**Records to use**
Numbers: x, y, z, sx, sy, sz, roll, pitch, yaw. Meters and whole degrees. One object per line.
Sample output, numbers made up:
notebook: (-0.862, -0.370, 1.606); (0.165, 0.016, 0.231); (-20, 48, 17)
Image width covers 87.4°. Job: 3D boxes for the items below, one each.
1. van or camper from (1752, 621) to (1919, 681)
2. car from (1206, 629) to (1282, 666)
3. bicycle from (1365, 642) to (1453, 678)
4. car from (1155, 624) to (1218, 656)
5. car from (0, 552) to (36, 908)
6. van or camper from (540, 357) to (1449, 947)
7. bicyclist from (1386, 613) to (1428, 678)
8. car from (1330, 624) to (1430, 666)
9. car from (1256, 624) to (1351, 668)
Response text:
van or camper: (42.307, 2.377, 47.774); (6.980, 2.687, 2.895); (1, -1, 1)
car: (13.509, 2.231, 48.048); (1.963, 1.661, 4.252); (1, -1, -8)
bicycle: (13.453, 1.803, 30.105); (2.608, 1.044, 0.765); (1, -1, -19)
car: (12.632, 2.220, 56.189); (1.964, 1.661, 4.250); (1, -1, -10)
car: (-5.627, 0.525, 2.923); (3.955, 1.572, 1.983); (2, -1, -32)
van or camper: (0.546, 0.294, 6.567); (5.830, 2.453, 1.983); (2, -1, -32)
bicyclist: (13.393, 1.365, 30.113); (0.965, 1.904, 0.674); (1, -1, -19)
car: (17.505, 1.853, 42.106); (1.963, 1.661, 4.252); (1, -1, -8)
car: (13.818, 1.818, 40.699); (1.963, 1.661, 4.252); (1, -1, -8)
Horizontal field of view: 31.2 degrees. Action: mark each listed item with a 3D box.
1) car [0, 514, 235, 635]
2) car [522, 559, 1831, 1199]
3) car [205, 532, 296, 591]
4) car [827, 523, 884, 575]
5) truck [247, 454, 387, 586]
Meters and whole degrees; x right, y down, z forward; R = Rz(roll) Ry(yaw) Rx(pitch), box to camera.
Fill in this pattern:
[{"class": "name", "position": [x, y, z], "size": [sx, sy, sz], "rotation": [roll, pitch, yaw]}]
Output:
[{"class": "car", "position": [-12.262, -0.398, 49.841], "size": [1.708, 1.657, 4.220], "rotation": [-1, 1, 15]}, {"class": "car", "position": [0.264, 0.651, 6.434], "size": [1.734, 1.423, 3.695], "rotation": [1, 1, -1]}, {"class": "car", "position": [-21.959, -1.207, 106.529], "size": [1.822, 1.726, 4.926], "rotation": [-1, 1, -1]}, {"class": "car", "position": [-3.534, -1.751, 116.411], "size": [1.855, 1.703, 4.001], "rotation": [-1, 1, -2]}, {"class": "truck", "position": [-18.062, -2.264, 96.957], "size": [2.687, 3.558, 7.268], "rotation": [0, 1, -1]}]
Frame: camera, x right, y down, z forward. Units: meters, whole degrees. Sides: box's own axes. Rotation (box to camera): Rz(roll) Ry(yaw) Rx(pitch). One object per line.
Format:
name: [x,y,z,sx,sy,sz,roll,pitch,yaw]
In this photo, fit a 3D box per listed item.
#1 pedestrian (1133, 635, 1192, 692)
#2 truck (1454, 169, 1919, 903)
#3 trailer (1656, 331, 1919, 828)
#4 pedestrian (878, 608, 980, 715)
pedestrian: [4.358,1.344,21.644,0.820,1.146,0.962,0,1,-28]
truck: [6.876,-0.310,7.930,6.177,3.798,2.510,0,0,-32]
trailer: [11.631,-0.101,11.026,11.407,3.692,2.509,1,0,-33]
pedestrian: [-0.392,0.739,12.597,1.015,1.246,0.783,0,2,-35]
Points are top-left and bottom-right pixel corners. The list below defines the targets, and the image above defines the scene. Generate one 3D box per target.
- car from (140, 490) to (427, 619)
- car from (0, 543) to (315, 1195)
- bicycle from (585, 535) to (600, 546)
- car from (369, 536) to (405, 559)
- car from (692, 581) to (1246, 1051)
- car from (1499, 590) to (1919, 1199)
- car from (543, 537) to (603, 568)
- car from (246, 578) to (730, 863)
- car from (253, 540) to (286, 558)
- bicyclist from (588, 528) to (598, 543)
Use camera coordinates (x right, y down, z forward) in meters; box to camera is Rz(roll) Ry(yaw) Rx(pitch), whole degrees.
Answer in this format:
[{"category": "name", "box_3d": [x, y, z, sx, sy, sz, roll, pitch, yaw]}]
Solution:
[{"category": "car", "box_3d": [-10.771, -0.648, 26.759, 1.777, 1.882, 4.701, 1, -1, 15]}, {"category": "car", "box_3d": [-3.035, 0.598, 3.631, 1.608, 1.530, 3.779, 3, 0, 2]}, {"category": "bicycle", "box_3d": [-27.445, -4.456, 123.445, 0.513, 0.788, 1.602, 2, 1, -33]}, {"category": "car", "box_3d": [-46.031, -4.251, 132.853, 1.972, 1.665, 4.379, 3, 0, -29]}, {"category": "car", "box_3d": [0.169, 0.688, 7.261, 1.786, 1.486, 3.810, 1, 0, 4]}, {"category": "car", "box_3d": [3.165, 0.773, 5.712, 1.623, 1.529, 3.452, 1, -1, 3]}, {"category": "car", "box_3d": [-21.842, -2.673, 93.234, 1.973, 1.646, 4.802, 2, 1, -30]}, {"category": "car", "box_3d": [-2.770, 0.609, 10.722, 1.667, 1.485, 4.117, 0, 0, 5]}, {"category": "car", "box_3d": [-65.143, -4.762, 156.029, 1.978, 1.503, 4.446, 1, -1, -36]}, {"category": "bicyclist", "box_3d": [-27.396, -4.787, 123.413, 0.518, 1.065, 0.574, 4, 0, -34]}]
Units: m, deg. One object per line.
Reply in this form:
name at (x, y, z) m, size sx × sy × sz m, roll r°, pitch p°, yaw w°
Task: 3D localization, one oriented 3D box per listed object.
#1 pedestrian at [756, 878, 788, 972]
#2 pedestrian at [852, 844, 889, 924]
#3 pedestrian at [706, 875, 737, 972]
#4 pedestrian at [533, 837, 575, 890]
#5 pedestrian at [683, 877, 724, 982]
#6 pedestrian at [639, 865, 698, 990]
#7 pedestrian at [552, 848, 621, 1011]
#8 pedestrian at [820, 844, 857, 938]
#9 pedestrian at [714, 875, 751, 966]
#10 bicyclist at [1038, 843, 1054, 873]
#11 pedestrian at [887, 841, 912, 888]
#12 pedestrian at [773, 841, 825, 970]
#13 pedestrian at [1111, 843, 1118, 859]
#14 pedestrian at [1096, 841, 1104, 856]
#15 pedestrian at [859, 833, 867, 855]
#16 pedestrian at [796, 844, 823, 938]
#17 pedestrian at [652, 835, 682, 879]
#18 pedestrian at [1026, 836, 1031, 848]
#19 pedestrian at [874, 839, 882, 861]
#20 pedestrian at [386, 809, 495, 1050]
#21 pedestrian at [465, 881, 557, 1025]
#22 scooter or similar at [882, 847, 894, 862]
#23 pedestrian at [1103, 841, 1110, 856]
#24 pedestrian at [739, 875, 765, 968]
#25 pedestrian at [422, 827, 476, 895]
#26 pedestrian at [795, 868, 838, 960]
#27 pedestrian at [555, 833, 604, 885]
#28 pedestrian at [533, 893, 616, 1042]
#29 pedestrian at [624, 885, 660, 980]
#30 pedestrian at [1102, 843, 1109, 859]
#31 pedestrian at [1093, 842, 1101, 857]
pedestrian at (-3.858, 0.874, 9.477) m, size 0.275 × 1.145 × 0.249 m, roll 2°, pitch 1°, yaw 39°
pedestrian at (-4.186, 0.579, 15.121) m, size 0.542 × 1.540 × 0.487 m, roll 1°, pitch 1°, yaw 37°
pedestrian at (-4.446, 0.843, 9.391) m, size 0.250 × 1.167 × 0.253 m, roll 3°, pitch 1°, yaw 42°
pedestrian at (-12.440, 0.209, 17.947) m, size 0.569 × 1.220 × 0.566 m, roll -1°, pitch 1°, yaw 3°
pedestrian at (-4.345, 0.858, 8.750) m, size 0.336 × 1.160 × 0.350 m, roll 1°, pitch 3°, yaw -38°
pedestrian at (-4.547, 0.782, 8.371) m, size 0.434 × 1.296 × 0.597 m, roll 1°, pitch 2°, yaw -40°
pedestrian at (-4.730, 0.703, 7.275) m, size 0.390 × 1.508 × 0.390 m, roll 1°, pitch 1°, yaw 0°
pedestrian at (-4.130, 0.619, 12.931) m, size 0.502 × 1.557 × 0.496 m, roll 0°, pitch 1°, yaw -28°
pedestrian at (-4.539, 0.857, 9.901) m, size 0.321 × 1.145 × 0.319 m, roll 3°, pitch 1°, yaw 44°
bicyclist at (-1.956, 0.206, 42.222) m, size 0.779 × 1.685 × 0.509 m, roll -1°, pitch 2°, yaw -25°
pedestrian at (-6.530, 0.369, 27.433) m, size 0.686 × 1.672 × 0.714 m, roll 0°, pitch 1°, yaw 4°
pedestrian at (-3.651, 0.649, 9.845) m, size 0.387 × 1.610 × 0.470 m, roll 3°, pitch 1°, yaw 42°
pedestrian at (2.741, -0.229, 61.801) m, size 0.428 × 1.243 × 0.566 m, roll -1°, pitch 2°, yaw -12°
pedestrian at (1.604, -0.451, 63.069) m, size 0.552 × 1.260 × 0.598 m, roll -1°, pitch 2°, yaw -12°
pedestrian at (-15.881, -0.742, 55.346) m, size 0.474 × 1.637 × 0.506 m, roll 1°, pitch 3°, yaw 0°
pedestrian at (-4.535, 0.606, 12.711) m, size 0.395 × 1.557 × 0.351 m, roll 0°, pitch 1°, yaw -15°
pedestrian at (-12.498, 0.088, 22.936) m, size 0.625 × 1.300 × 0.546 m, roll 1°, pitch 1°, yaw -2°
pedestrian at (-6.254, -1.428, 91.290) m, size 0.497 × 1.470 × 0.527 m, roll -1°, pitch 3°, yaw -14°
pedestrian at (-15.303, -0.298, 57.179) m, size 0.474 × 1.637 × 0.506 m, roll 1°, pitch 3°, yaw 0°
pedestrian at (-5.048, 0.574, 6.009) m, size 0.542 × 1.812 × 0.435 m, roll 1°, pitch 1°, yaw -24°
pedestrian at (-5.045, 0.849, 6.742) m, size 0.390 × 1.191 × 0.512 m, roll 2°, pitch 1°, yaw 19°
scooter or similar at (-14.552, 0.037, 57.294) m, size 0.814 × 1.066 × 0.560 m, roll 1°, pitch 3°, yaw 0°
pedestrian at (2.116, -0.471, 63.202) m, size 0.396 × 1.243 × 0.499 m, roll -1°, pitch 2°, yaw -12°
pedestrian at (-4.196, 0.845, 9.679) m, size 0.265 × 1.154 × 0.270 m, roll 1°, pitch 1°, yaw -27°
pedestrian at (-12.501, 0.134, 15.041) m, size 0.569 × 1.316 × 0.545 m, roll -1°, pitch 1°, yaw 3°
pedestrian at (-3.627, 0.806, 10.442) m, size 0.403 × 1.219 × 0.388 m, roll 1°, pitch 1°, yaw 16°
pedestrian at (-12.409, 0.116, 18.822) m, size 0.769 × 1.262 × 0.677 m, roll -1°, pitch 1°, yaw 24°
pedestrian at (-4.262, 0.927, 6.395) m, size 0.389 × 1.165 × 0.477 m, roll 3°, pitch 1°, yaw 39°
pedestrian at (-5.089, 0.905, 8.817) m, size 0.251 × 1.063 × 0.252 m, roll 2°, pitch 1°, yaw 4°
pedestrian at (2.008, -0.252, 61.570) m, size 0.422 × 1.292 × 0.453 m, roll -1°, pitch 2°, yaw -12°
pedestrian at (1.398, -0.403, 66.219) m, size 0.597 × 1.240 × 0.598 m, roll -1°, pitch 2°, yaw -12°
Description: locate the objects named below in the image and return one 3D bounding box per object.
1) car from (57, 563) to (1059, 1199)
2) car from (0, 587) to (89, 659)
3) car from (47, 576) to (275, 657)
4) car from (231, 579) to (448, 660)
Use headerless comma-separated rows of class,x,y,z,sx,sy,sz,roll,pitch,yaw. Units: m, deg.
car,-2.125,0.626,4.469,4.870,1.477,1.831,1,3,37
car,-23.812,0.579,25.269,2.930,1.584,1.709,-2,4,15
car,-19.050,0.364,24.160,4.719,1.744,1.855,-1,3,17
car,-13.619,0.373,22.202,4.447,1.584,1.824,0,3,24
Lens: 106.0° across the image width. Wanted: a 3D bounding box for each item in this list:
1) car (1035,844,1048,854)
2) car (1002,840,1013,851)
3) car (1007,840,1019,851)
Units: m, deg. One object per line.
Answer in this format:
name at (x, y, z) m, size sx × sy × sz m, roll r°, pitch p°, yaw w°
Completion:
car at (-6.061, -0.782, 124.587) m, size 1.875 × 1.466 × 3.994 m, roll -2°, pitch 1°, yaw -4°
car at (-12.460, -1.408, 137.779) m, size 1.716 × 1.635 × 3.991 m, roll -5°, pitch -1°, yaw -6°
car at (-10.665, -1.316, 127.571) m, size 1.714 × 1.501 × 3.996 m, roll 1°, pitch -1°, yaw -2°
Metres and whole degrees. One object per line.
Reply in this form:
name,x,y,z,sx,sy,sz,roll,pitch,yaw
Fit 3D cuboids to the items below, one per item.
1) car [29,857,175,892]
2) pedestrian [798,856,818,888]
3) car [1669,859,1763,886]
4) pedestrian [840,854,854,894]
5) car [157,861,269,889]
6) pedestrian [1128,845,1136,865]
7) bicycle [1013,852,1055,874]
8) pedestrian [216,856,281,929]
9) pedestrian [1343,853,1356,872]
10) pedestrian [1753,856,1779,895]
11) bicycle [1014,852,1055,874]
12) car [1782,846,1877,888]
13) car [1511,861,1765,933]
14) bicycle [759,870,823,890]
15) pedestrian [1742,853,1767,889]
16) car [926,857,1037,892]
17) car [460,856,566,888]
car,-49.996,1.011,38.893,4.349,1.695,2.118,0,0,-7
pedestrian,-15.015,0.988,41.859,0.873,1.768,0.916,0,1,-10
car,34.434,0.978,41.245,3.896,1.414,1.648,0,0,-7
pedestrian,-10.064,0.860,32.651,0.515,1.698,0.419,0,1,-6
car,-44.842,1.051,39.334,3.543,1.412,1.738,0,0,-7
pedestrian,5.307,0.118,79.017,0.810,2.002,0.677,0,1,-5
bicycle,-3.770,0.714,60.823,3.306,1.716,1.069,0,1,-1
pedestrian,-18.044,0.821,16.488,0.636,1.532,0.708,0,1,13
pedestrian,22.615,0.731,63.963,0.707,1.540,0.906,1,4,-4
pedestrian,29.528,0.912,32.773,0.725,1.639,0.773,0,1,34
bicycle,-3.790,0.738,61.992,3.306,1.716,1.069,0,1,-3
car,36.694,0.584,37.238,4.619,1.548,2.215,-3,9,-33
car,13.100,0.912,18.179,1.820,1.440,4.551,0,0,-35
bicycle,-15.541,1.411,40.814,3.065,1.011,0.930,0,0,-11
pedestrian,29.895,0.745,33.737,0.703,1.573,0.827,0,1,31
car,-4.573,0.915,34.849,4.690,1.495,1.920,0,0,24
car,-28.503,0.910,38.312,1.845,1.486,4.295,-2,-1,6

**Exercise**
All lines in the listing above between the line with "3) car (1007,840,1019,851)" and the line with "16) car [926,857,1037,892]", inclusive, should be set down exactly, and no line outside that range.

**Written solution**
3) car (1007,840,1019,851)
Units: m, deg. One object per line.
Answer in this format:
name at (x, y, z) m, size sx × sy × sz m, roll r°, pitch p°, yaw w°
Completion:
car at (-6.061, -0.782, 124.587) m, size 1.875 × 1.466 × 3.994 m, roll -2°, pitch 1°, yaw -4°
car at (-12.460, -1.408, 137.779) m, size 1.716 × 1.635 × 3.991 m, roll -5°, pitch -1°, yaw -6°
car at (-10.665, -1.316, 127.571) m, size 1.714 × 1.501 × 3.996 m, roll 1°, pitch -1°, yaw -2°
Metres and whole degrees. One object per line.
Reply in this form:
name,x,y,z,sx,sy,sz,roll,pitch,yaw
Fit 3D cuboids to the items below, one per item.
1) car [29,857,175,892]
2) pedestrian [798,856,818,888]
3) car [1669,859,1763,886]
4) pedestrian [840,854,854,894]
5) car [157,861,269,889]
6) pedestrian [1128,845,1136,865]
7) bicycle [1013,852,1055,874]
8) pedestrian [216,856,281,929]
9) pedestrian [1343,853,1356,872]
10) pedestrian [1753,856,1779,895]
11) bicycle [1014,852,1055,874]
12) car [1782,846,1877,888]
13) car [1511,861,1765,933]
14) bicycle [759,870,823,890]
15) pedestrian [1742,853,1767,889]
16) car [926,857,1037,892]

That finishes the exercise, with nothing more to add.